- ASSIGNMENT: From the entries that follow, copy exactly the lines beginning at the line holding "table_cell 12:2:6 [700, 769, 926, 794]" and continuing through the line holding "table_cell Subcommissie [926, 688, 1152, 713]".
--
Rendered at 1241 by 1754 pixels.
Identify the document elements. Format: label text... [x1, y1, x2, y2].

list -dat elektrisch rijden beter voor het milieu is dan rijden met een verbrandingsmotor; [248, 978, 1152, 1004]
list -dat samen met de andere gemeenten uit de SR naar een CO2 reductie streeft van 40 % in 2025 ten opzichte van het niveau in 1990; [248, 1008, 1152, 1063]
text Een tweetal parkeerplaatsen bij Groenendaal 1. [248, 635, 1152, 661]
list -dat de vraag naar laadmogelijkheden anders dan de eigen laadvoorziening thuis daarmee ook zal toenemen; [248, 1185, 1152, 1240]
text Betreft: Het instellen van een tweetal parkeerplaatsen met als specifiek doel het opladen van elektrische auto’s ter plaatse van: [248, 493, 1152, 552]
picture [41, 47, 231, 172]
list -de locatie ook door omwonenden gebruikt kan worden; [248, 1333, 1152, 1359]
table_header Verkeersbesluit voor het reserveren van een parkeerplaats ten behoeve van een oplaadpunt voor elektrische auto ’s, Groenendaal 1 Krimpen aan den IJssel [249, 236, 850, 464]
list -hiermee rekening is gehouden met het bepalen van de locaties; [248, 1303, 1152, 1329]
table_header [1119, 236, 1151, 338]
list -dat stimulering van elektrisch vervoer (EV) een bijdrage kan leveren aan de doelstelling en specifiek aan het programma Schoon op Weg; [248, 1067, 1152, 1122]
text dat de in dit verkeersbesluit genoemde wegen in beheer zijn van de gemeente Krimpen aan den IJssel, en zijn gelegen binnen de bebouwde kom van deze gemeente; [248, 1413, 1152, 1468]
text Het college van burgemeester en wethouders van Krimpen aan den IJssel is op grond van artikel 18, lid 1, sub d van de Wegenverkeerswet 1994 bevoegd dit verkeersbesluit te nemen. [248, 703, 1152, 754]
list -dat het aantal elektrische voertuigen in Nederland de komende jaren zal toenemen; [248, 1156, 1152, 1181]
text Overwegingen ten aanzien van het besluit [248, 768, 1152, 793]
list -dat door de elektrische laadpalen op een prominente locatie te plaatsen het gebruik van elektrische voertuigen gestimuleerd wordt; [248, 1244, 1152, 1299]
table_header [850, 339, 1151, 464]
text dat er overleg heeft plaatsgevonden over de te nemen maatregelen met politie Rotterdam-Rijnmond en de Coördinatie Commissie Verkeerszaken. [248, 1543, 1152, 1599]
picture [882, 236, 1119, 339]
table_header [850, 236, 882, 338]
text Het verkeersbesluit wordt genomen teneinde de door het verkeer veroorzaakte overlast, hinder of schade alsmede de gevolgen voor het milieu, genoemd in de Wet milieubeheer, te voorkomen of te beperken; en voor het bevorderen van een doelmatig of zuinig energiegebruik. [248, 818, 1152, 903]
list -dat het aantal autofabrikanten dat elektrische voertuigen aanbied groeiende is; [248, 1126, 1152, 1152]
--
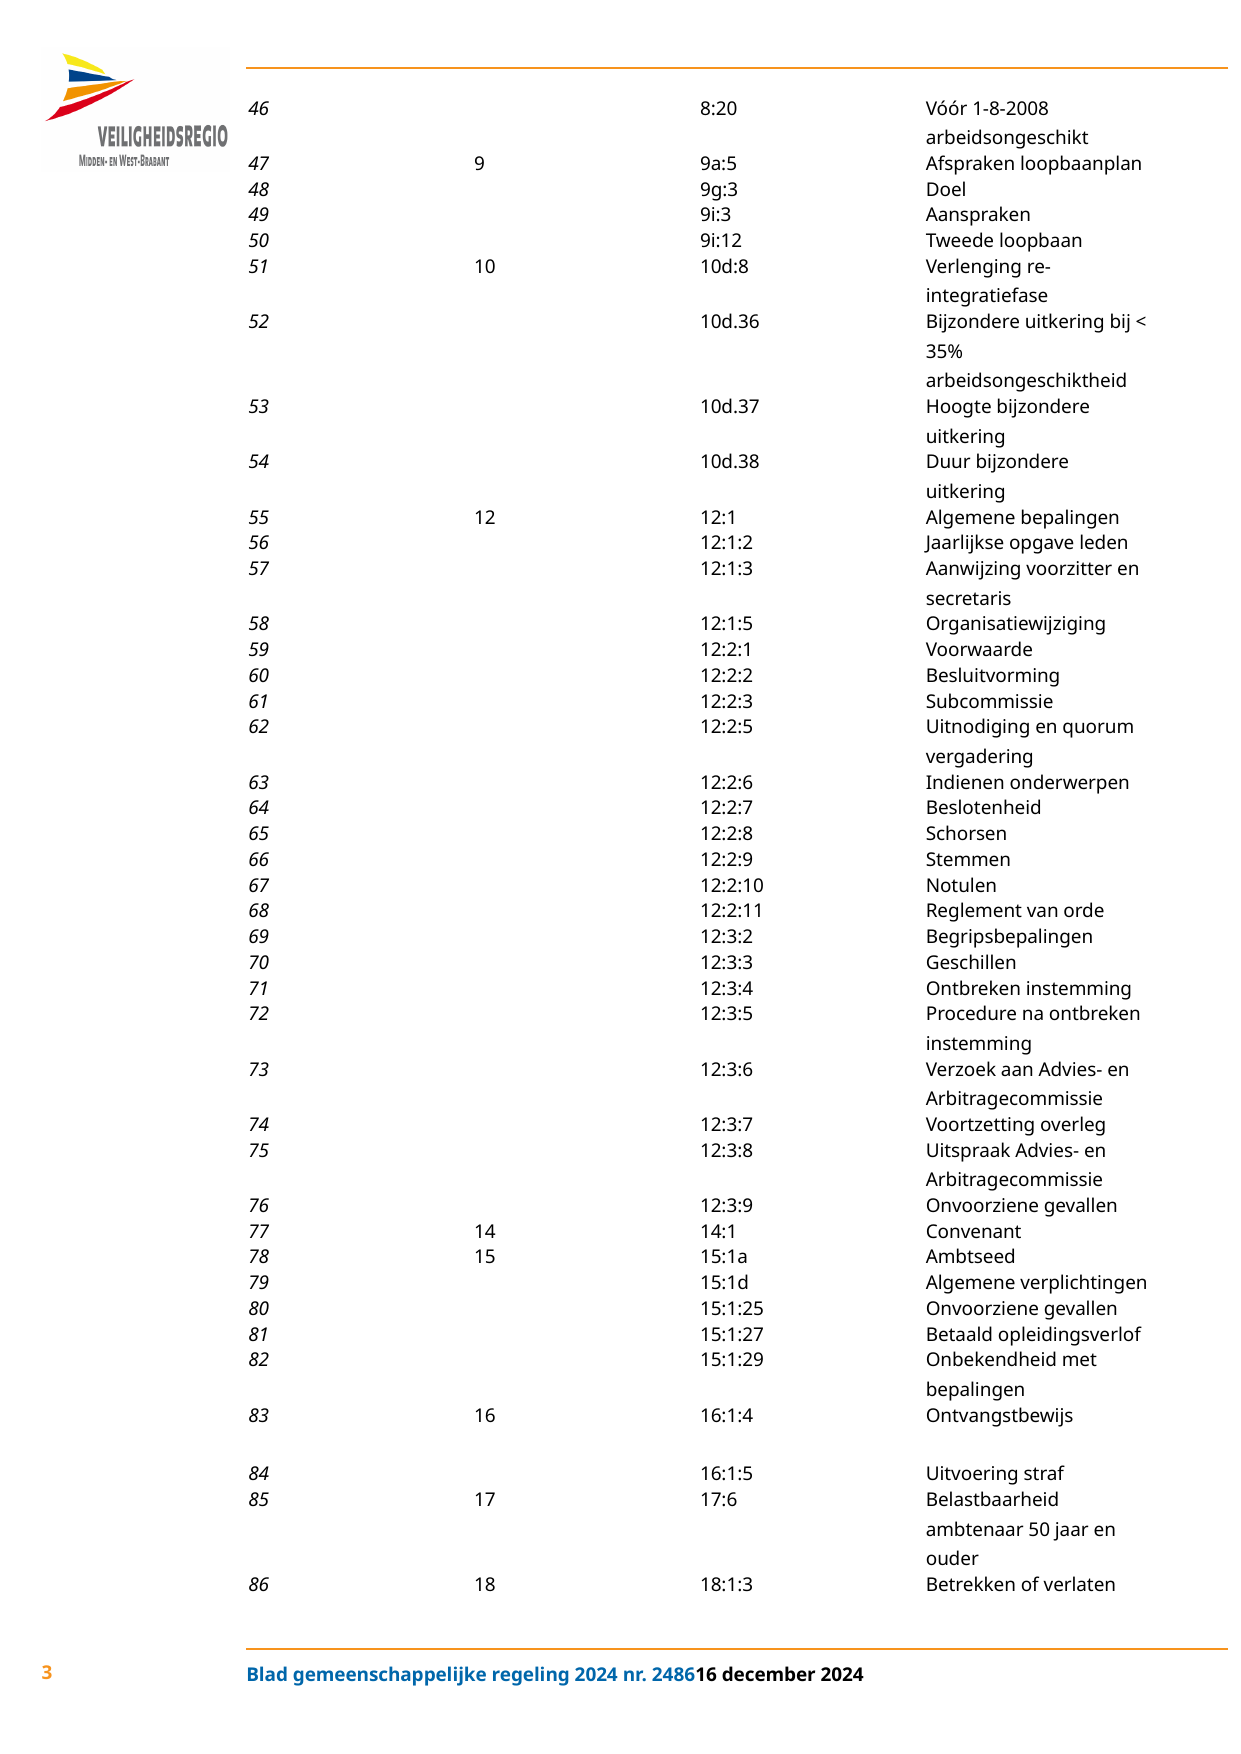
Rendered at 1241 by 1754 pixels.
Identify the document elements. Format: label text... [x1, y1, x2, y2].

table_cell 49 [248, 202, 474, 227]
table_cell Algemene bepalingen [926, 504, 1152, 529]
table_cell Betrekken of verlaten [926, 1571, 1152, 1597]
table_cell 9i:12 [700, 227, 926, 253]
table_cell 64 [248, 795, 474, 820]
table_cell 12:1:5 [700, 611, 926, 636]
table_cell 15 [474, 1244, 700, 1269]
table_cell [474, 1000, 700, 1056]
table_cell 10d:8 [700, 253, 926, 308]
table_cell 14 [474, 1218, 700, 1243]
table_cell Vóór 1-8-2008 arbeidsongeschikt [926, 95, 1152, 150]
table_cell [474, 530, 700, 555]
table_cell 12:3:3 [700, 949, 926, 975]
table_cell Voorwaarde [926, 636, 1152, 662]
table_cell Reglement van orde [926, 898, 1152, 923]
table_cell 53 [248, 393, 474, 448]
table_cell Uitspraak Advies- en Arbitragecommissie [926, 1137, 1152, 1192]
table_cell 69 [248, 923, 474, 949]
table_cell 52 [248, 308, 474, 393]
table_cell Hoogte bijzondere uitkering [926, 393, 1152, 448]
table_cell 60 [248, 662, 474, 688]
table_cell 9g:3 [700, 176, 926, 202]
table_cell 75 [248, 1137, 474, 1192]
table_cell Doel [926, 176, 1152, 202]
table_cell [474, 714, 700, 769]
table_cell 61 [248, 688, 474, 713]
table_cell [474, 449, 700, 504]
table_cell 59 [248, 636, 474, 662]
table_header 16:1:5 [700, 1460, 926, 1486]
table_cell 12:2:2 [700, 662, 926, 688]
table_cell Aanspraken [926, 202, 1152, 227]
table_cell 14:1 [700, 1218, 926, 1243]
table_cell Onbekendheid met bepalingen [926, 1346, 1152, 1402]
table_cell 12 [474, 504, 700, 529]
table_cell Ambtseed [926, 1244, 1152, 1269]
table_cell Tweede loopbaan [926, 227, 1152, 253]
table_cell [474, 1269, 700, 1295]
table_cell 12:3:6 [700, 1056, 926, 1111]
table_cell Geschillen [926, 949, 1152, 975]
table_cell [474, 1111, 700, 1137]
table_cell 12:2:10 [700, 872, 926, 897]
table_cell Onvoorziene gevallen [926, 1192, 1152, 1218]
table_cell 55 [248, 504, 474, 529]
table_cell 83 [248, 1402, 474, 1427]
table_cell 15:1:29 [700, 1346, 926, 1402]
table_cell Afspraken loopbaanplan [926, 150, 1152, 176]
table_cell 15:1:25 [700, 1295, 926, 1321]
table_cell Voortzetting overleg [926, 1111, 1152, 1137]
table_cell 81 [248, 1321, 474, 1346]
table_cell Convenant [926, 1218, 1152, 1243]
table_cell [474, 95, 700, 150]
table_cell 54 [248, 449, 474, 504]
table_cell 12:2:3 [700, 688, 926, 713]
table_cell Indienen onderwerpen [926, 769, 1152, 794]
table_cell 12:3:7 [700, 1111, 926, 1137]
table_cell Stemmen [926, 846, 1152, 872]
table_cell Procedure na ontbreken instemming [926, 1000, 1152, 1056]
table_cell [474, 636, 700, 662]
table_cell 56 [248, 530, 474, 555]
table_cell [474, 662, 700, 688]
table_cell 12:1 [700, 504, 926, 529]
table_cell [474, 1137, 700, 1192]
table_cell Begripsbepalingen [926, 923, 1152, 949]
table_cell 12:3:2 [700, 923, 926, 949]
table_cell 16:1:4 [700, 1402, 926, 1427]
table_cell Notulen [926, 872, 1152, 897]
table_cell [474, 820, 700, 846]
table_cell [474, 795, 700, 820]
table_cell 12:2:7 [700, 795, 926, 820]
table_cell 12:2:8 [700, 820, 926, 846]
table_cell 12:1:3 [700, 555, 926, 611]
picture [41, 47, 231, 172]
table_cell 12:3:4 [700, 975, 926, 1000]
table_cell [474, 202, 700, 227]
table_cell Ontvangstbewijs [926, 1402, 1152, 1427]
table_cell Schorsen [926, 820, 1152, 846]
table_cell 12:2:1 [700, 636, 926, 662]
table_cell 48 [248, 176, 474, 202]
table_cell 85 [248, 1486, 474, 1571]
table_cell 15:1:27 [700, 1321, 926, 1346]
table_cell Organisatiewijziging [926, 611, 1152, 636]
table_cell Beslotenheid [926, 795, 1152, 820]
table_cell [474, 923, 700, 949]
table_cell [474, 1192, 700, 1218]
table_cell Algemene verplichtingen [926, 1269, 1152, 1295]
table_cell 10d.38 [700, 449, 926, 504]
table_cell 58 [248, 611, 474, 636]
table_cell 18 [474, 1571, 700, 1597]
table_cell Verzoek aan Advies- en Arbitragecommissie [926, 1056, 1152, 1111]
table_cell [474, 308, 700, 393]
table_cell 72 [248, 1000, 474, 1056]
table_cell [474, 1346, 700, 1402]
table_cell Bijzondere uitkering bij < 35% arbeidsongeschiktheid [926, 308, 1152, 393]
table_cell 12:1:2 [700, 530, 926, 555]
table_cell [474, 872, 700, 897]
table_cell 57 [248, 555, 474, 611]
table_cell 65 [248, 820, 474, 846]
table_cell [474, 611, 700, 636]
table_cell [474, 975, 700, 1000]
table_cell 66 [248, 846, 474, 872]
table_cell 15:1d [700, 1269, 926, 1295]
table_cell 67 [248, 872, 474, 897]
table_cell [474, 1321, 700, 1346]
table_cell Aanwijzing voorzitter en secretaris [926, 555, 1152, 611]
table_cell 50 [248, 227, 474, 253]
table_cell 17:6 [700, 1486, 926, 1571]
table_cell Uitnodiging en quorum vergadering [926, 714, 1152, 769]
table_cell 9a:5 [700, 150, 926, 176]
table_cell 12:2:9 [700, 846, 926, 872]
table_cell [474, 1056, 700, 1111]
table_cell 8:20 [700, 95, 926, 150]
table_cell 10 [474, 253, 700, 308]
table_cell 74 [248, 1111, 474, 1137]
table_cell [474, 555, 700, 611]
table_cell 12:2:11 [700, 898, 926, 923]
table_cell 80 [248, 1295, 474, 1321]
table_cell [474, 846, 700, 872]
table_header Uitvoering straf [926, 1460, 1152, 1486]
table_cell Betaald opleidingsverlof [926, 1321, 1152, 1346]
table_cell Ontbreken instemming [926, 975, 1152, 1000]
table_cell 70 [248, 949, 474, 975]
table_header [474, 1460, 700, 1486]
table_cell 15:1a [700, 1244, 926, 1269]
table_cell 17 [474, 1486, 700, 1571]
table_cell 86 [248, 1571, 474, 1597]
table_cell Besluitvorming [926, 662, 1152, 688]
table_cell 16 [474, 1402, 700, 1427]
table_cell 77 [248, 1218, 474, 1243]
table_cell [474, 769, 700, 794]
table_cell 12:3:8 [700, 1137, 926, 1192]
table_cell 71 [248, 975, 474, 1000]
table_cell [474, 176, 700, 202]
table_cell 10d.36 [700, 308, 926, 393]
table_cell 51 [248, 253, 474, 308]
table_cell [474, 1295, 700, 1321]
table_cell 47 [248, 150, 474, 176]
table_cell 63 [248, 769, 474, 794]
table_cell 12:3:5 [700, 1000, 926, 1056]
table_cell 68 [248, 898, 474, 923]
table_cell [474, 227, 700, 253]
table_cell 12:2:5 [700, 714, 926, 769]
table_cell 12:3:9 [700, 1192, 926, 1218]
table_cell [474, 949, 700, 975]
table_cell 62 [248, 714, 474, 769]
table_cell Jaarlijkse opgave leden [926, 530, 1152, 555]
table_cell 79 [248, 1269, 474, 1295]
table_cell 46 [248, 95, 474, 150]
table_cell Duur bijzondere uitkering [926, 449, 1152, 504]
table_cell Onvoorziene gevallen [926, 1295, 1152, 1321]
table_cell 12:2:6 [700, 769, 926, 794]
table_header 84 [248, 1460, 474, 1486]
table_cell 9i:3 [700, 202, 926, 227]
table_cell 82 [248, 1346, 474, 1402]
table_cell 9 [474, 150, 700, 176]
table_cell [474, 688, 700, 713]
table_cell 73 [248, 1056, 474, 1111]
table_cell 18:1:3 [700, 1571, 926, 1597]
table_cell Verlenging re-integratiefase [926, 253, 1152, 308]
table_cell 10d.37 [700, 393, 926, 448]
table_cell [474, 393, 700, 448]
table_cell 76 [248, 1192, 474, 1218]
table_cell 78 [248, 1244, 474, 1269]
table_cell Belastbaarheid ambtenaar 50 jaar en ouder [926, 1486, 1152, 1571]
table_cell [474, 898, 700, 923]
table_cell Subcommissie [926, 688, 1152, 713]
--
- RESULT FOR THIS EXERCISE:
table_cell 12:2:6 [700, 769, 926, 794]
table_header 84 [248, 1460, 474, 1486]
table_cell 9i:3 [700, 202, 926, 227]
table_cell 82 [248, 1346, 474, 1402]
table_cell 9 [474, 150, 700, 176]
table_cell [474, 688, 700, 713]
table_cell 73 [248, 1056, 474, 1111]
table_cell 18:1:3 [700, 1571, 926, 1597]
table_cell Verlenging re-integratiefase [926, 253, 1152, 308]
table_cell 10d.37 [700, 393, 926, 448]
table_cell [474, 393, 700, 448]
table_cell 76 [248, 1192, 474, 1218]
table_cell 78 [248, 1244, 474, 1269]
table_cell Belastbaarheid ambtenaar 50 jaar en ouder [926, 1486, 1152, 1571]
table_cell [474, 898, 700, 923]
table_cell Subcommissie [926, 688, 1152, 713]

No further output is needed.